Paul Auster’s Man in the Dark: A Journey Through Memory and Imagination
Paul Auster’s *Man in the Dark*: A Journey Through Memory and Imagination
August Brill, a 72-year-old retired and widowed man, is recovering from a car accident that shattered his leg. This is the story that begins Paul Auster’s *Man in the Dark*. Brill’s hospital stay lasted a year. Upon his release, he moved to his daughter’s house in Vermont, where he is also accompanied by his granddaughter. Both women are without their male partners: their men have either left or died. Therefore, both have had to learn to live with this enforced solitude. After his hospital stay, the old man is sedentary, practically invalid in a wheelchair. He spends long hours in bed, sleepless, soothing himself by telling stories.
He invents the lives of others, attributing facts, planning routes, and putting them in trouble. These are tricks that allow him to kill time so that time does not kill him. But those stories are also instructive entertainment: by being in the shoes of others in circumstances he has not lived, he learns from the reactions of others. He finds out what a man like him would do in this situation.
The Power of Storytelling
“The night is still young, and without moving from the bed, staring into the darkness, a darkness so impenetrable that I cannot see the ceiling, I began to remember the story I started last night,” he says. He can act like a God who takes and makes, speeding up or delaying times, shortening or prolonging them. He works as a novelist, certainly, and he is. In fact, this old man knows the tricks of the creators: for many years, he has been a literary critic.
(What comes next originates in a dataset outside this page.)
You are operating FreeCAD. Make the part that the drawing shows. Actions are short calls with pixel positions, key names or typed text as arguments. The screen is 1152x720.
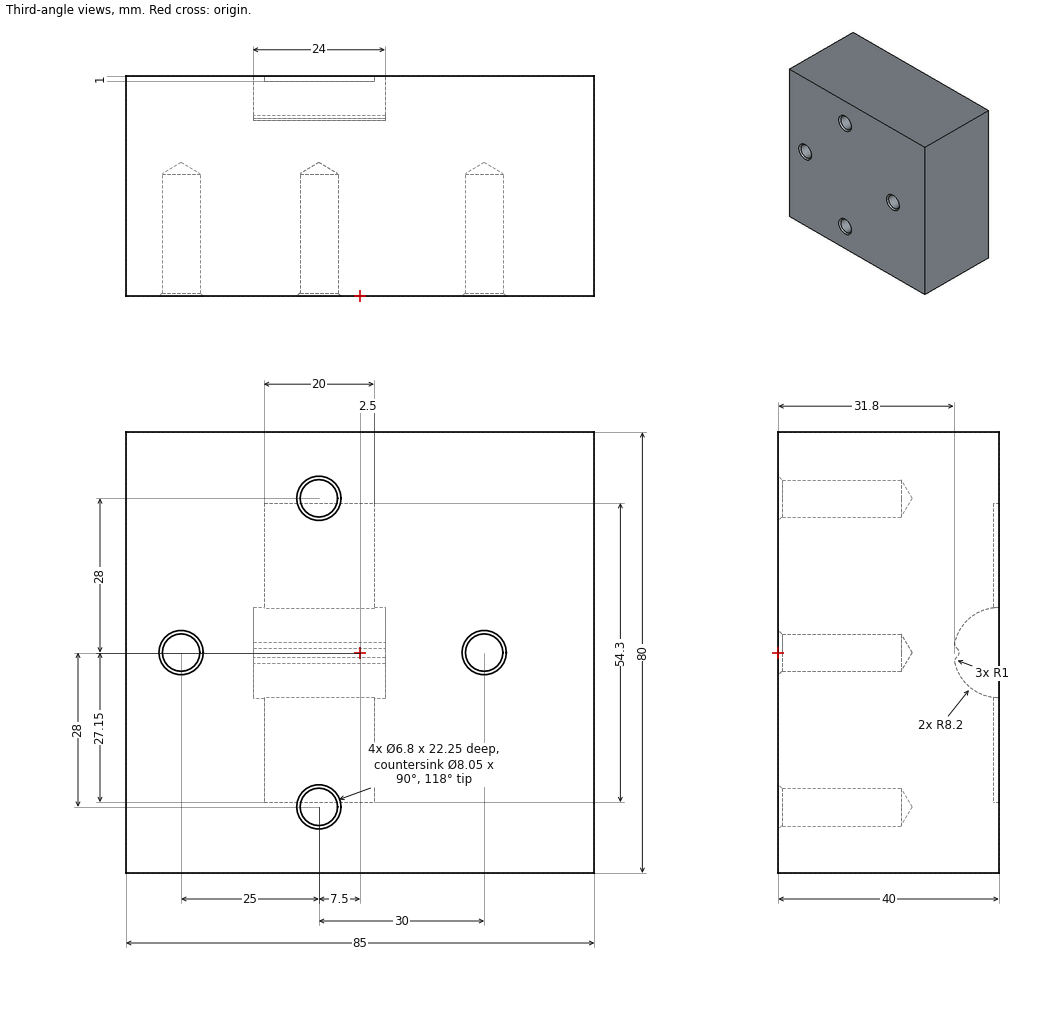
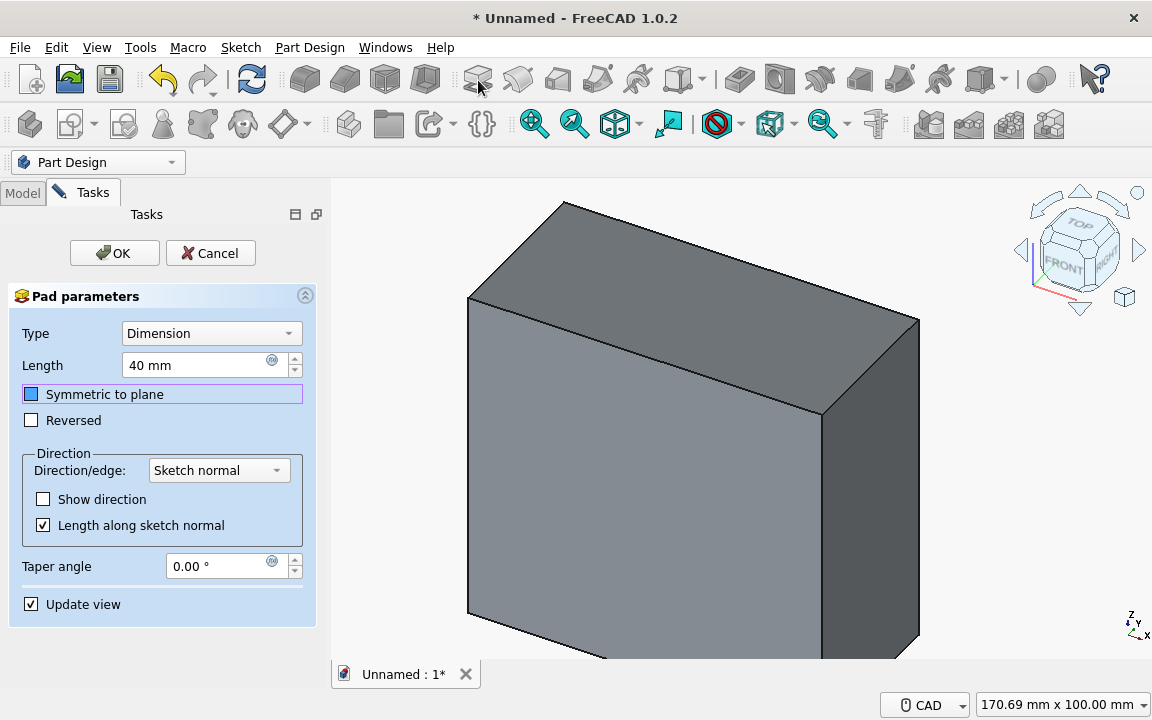
click(30, 420)

So, he wants to embarrass someone. What is the way to embarrass someone? There are numerous possibilities for spoiling a human life: one of the most effective, from a narrative point of view, is to make you sick from partial amnesia.
A Parallel Reality
Imagine, for example, a 30-year-old named Owen Brick, a professional magician with a settled life, with risk-free security and acceptable prosperity. He lives in New York. Suddenly, the individual, for whom everything seemed to fit, for whom things had a consistent meaning, wakes up at the bottom of a well dressed in a military uniform, specifically a cape. We later find out that he is in Wellington, Massachusetts. He has not forgotten who he is: he knows his life, but he does not know what he is doing there in an American nightmare, a war of which he is a part.
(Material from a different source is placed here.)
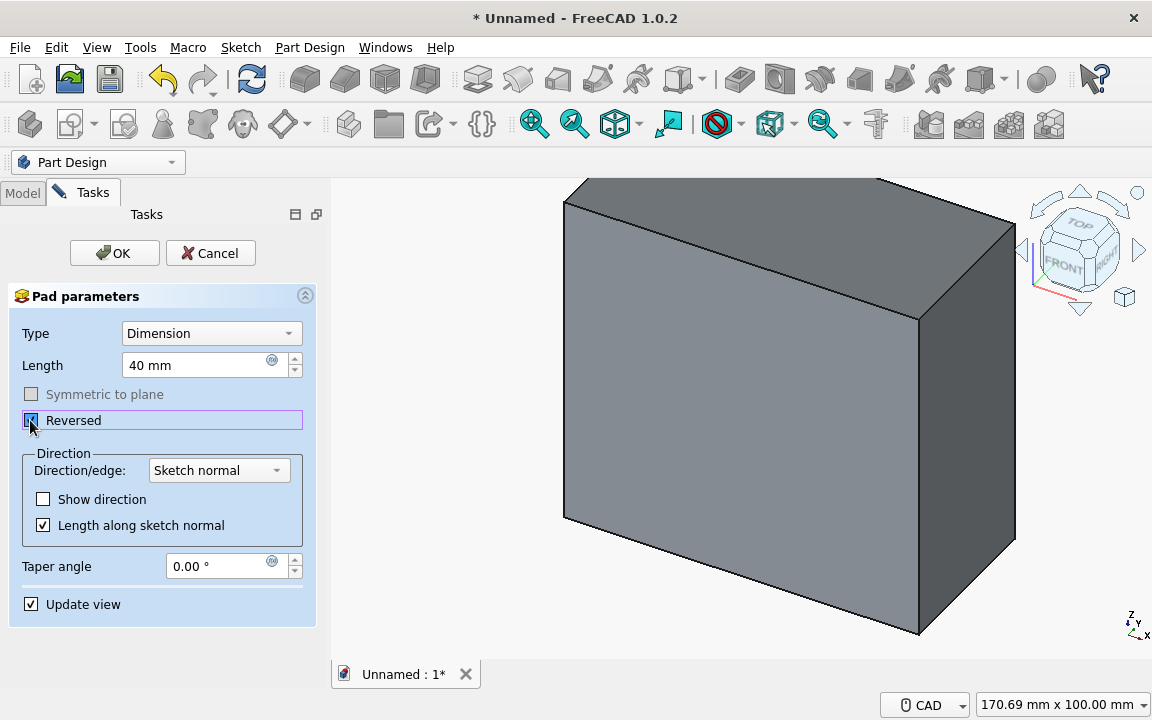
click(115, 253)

Of course, Brill, arbitrary as a writer, plays with his creatures. The well is a metaphor for life, true, but it is also an asphyxiating fact: a narrow, cramped space that drowns. Getting out of there is necessary to survive and take revenge on those who have committed such villainy. Brill wakes him up at that site, in this pit, in the worst conditions, “without papers, or a plate, or identification showing his military status.” From there begins an unusual circumstance for the character and a challenge for his creator, for this August Brill who suffers from insomnia.
The Nature of Memory
We remember what we were when we were young, when we were strong, when we were beautiful. Moreover, we remember embellished, making us better than we actually were. In the report, there is some truth, but these recollections are also reconstructive surgery: we remember anyone better than they really were.